In vain the spirit wrestles to break free,
Foot bound to fathomless captivity;
A power unseen, by sympathetic spell,
For ever working,-to his flinty cell,
Recals him from the rapture of the spheres;
He yields, collapses, lessens, disappears.
Darkness receives him in her vague abyss,
Around whose verge light froth and bubbles hiss,
While the low murmurs of the refluent tide
Far into subterranean silence glide;

The eye, still gazing down the dread profound,
When the bent ear hath wholly lost the sound.

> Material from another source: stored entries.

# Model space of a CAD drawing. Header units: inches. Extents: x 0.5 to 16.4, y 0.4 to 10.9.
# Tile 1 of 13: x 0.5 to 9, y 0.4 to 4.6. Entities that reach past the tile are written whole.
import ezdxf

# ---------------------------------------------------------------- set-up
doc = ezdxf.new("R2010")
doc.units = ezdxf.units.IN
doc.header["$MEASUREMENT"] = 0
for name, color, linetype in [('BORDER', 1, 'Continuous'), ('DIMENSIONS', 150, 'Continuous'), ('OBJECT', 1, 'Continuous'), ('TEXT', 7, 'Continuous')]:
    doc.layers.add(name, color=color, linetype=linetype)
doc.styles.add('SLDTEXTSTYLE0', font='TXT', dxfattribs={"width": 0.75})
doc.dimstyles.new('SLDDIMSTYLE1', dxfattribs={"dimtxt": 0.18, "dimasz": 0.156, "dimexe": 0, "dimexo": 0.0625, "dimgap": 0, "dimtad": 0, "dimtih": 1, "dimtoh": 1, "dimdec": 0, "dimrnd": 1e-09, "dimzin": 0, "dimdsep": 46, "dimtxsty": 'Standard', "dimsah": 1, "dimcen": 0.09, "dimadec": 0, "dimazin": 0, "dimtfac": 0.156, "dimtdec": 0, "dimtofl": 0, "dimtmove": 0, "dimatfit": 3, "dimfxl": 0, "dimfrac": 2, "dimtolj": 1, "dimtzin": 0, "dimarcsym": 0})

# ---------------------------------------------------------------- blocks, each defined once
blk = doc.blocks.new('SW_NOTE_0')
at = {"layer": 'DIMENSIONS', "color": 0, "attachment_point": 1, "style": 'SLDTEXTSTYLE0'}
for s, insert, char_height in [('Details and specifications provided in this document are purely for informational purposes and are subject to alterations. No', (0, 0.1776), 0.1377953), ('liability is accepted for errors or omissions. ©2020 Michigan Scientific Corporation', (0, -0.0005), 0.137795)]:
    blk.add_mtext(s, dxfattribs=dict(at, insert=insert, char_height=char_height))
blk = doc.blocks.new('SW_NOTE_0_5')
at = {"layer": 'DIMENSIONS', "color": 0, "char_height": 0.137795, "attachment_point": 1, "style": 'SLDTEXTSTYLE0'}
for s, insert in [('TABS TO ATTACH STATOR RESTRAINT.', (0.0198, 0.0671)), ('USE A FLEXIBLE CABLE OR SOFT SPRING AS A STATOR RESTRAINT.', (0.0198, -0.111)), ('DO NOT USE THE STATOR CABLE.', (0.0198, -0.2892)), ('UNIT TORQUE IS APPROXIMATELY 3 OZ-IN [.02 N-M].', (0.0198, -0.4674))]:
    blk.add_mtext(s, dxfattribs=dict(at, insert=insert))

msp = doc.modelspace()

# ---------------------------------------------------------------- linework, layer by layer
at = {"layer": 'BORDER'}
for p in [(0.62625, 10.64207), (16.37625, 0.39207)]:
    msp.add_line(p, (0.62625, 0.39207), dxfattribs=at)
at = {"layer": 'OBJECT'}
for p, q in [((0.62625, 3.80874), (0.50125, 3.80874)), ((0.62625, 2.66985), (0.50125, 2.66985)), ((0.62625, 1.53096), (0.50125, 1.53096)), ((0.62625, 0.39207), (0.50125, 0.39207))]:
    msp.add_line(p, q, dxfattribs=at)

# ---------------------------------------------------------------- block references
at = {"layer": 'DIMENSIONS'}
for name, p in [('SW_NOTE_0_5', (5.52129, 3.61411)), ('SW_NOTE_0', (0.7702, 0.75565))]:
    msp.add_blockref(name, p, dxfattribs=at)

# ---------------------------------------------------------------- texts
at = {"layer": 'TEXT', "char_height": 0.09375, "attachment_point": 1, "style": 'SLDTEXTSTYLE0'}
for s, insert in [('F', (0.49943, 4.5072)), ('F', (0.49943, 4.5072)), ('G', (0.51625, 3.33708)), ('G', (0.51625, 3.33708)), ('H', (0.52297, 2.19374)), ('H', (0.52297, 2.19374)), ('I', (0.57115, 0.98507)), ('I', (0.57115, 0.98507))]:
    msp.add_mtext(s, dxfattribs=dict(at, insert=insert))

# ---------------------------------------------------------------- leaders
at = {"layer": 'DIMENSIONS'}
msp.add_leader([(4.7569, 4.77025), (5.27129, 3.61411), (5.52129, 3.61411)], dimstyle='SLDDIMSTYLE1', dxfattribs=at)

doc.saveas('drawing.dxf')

But is he slain and sepulchred ?—Again
The deathless giant sallies from his den,
Scales with recruited strength th' ethereal walls,
Struggles afresh for liberty,-and falls.
Yes, and for liberty the fight renewed,
By day, by night, undaunted, unsubdued,
He shall maintain, till Iceland's solid base
Fail, and the mountains vanish from its face.1

1 For a prose description of the hot springs of Iceland, see Henderson's Journal. Montgomery's representation may be compared with Byron's picture of the Staubbach, the sky-born waterfall" (Wordsworth), in the Canton of Berne (see quotation from his "Swiss Journal" in Murray's Hand-book for Switzerland, or in Moore's Byron, vol. ii. p. 30); with the same poet's Velino Cataract, Childe Harold, Cant. iv., St. 69; and with Coleridge's Lines on a Cataract, adapted from Count Stolberg. Montgomery's concluding lines look like an allegory of his political opinions.